Elles et eux savent que cette démocratie qui a substitué la Représentation au Roi, l’aristocratie élective à la monarchie divine, l'Homme de la biopolitique au sujet du souverain, et qui aspire au salariat intégral - où toutes et tous doivent travailler sans exception, elles et eux savent, dis-je, qu'elle est implacable contre ses ennemis; elles et eux connaissent son goût prononcé pour la répression ; elles et eux reçoivent en pleine gueule la physique de son pouvoir. Et seuls elles et eux finissent par choisir l'anonymat comme tactique de lutte incontournable pour survivre au-delà de ses frontières. Pour s’effacer de sa surface de visibilité. Pour disparaître de ses radars. Pour échapper du mieux qu’ils le peuvent aux dispositifs de son capitalisme - de son capitalisme total et impérieux.
Mais l’anonymat n’est jamais, faut-il souvent le rappeler, qu’une question tactique : il est aussi une affirmation du Commun, et de la nécessité de se fondre en lui - de disparaître, comme Homme ou Individu, dans les exigences de l’égalité ; et par là même, il est avant tout révolte contre la Reconnaissance – contre cette reconnaissance capitaliste d’une individualité spectrale qui se glisse peu à peu en nous à mesure que nous nous effaçons derrière le maillage serré des dispositifs, et qui nous dérobe à la puissance la plus dangereuse, la plus nuisible à l’hégémonie capitaliste : celle que nous redécouvrons à chaque fois que nous abandonnons notre individualité fantomatique à la faveur du Commun - où toutes et tous forment une communauté d'égaux.
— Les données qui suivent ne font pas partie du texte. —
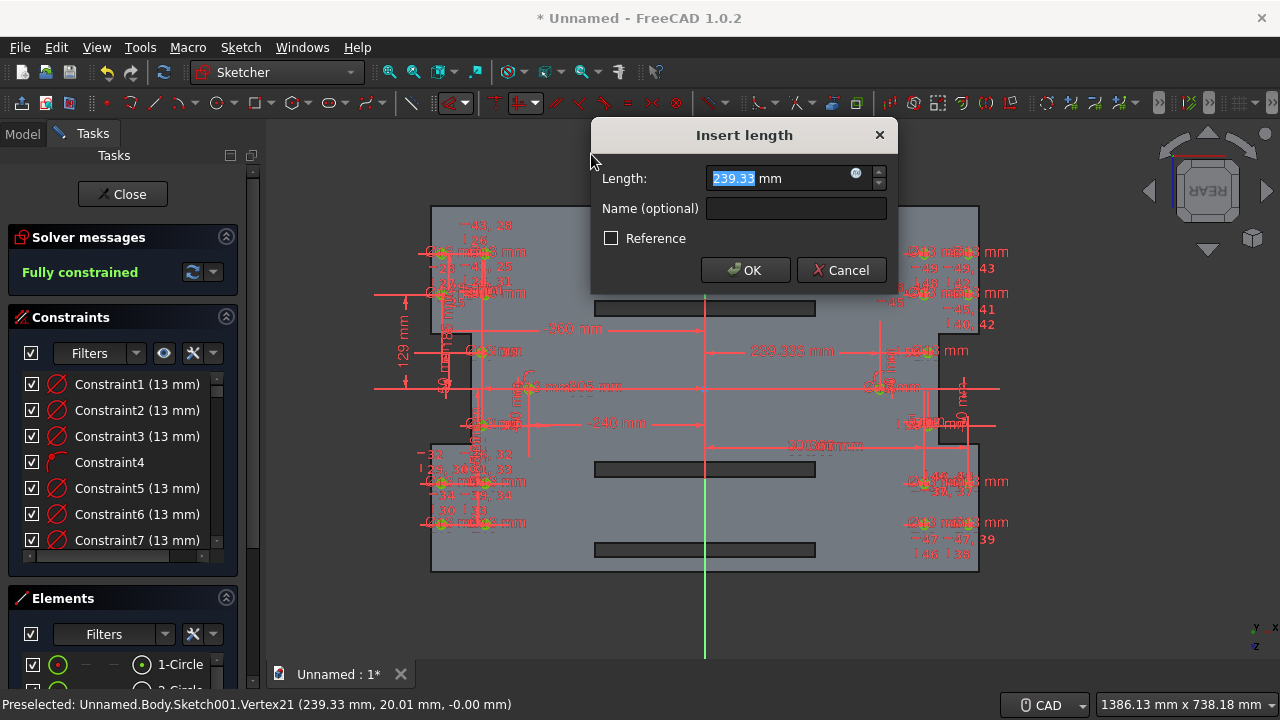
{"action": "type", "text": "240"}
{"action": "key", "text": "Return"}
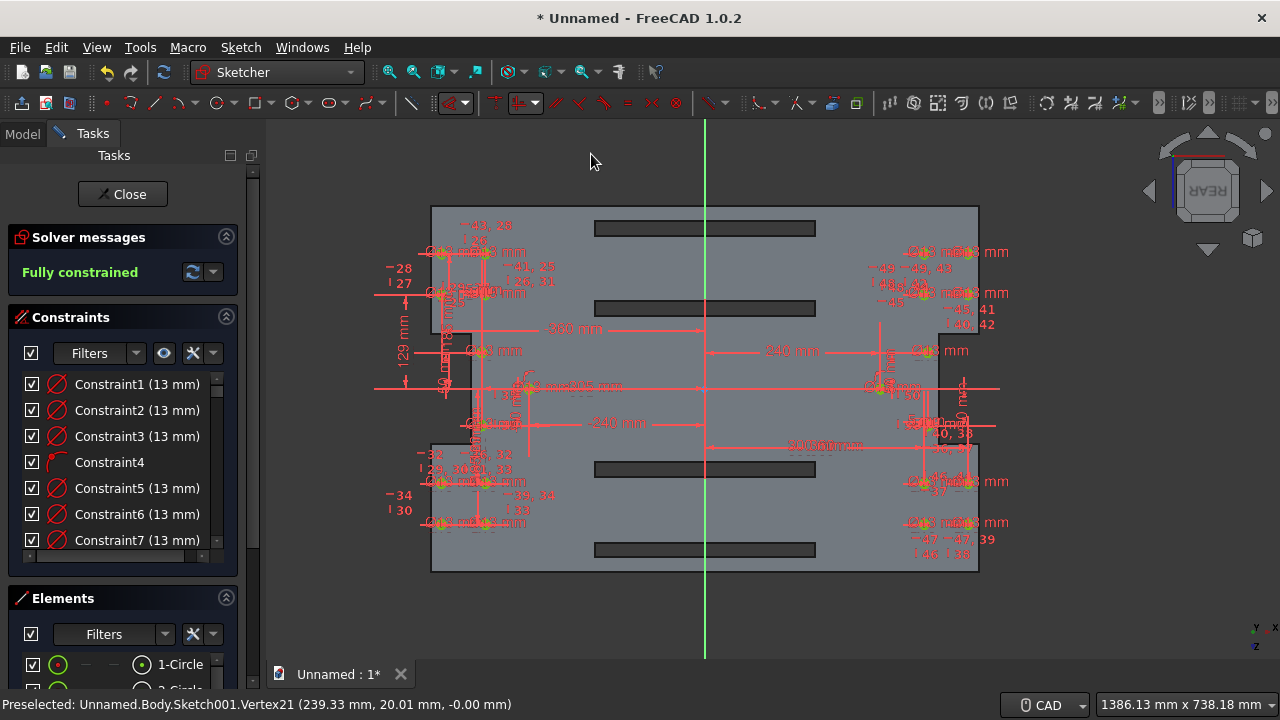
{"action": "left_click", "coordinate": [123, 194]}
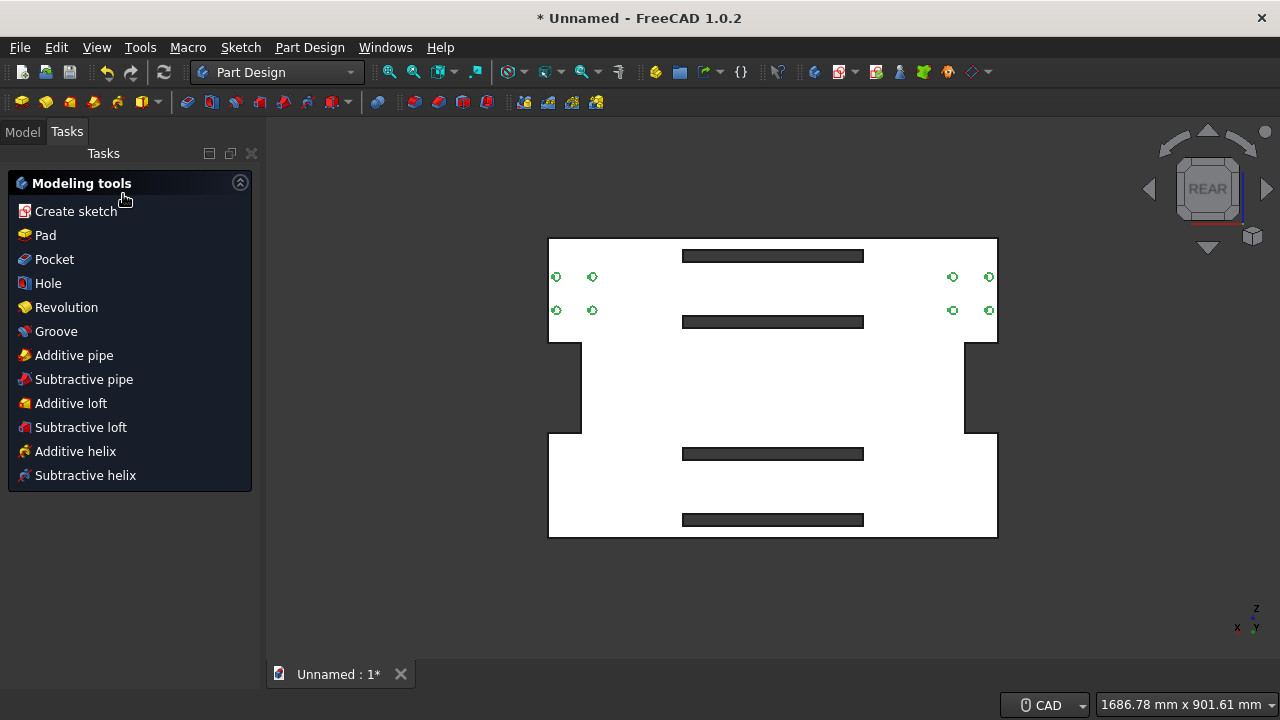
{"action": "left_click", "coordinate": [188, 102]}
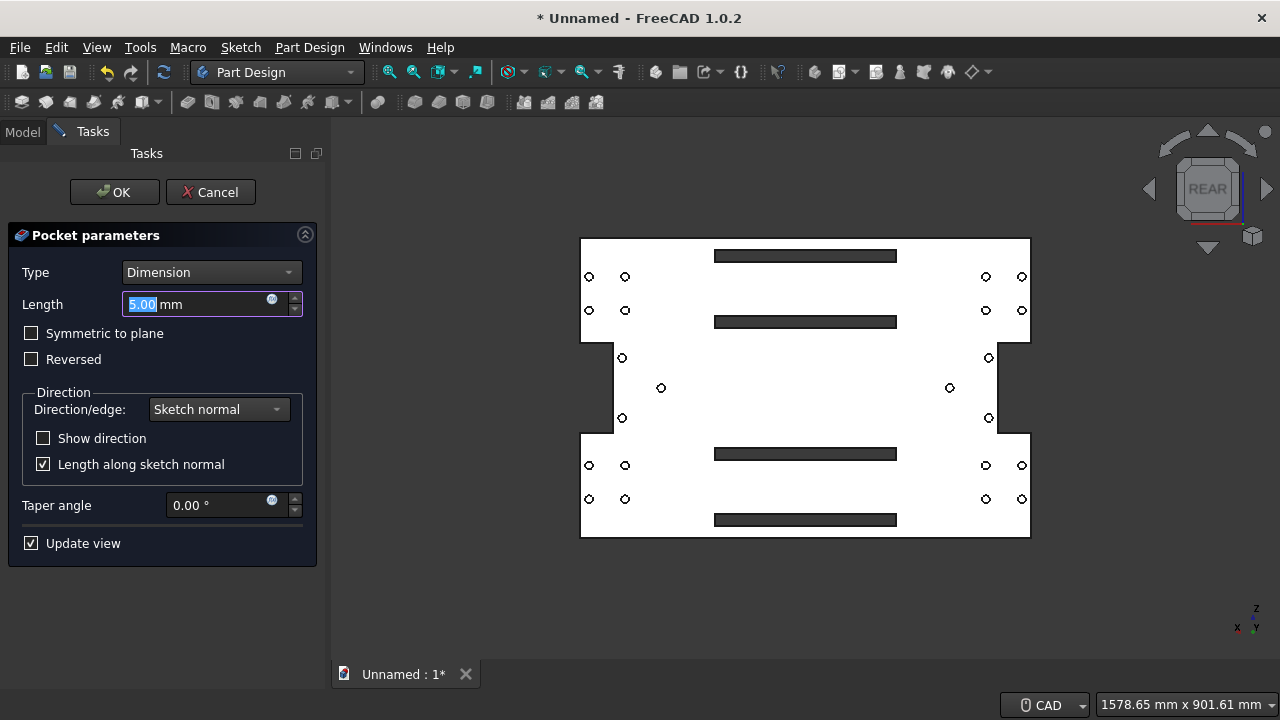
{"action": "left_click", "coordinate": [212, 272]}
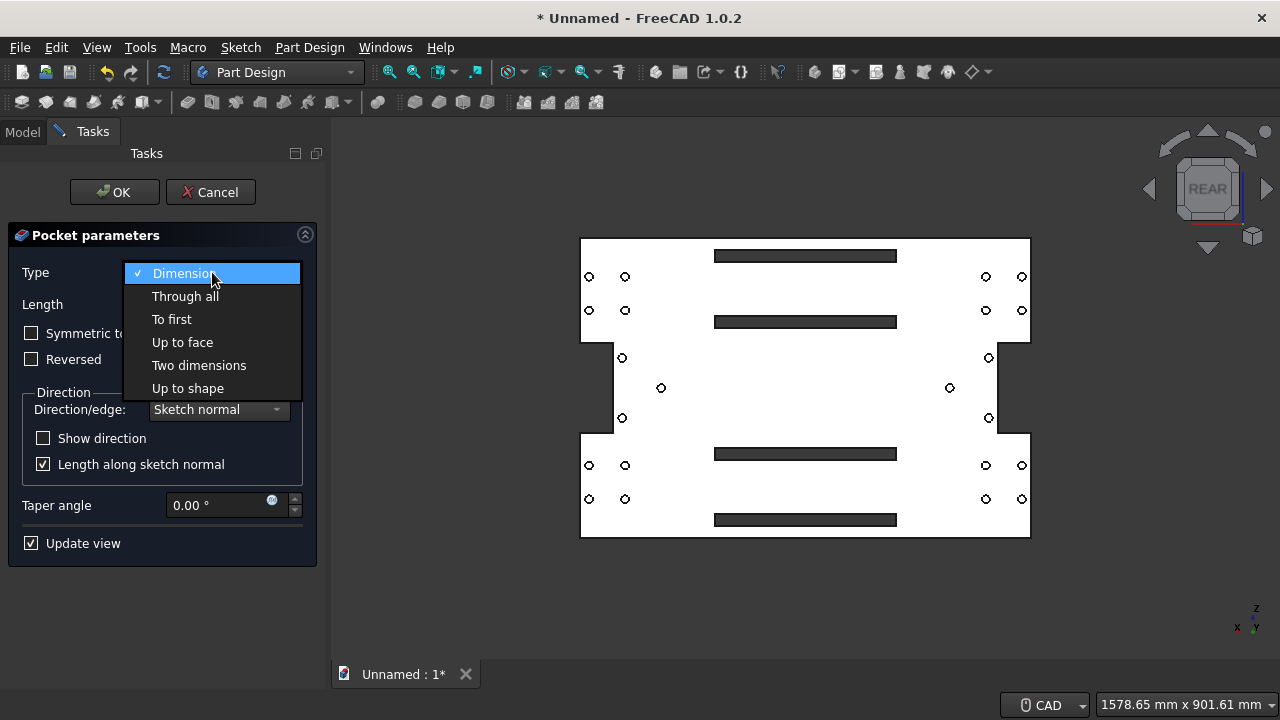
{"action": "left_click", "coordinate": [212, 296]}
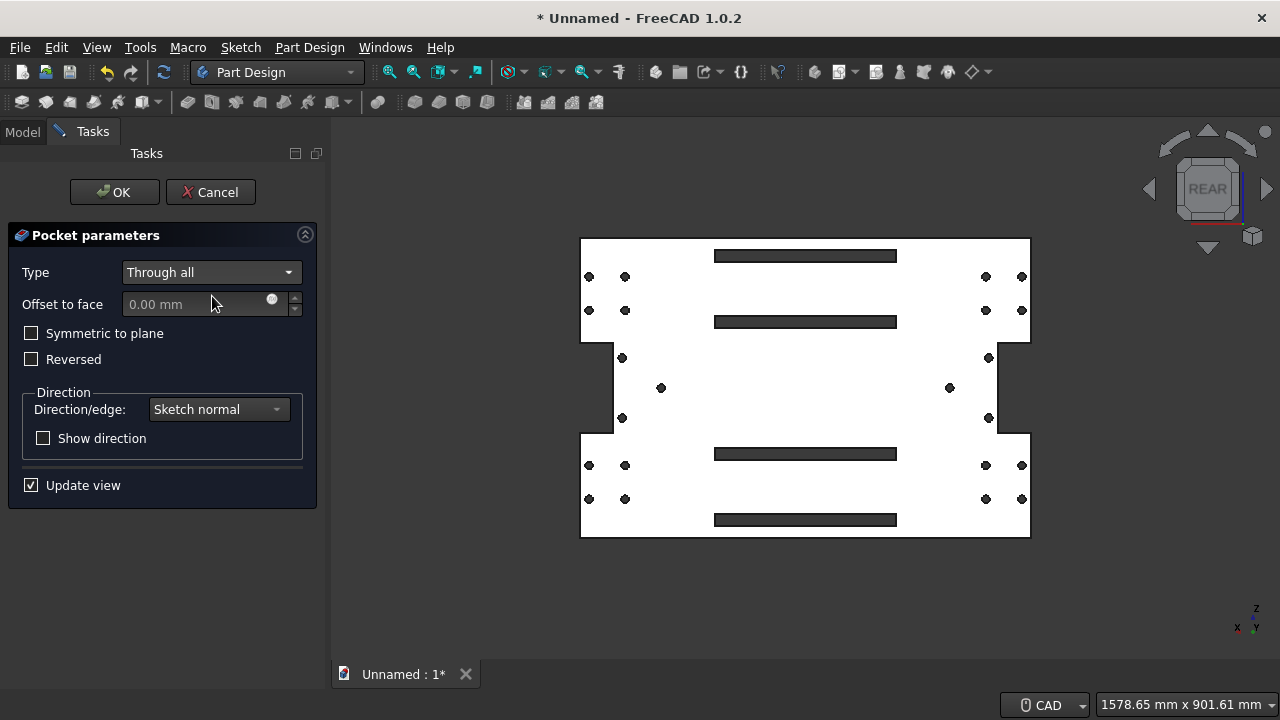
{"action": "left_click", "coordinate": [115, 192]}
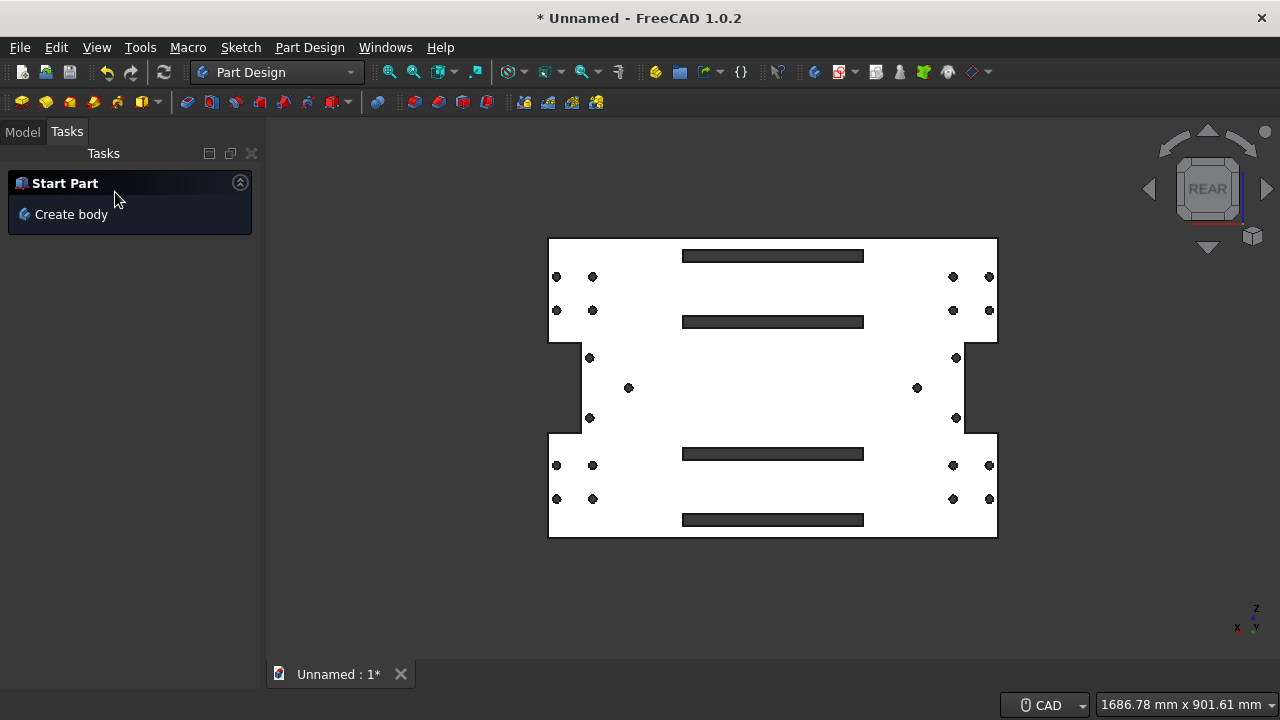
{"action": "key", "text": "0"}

En sorte que l’anonymat le plus banal est déjà manifestation d’une forme de vie hétérogène au capitalisme – d’une forme de vie qui déclare la guerre à l’Homme du capitalisme, à ses prédicats, à ses figures fictionnelles : à l’individu réalisé, au sujet rationnel, au citoyen politique. Et que jamais l’acte révolutionnaire véritable ne pourra ignorer cette puissance de l’anonymat – et du Commun-iste vers lequel il nous conduit.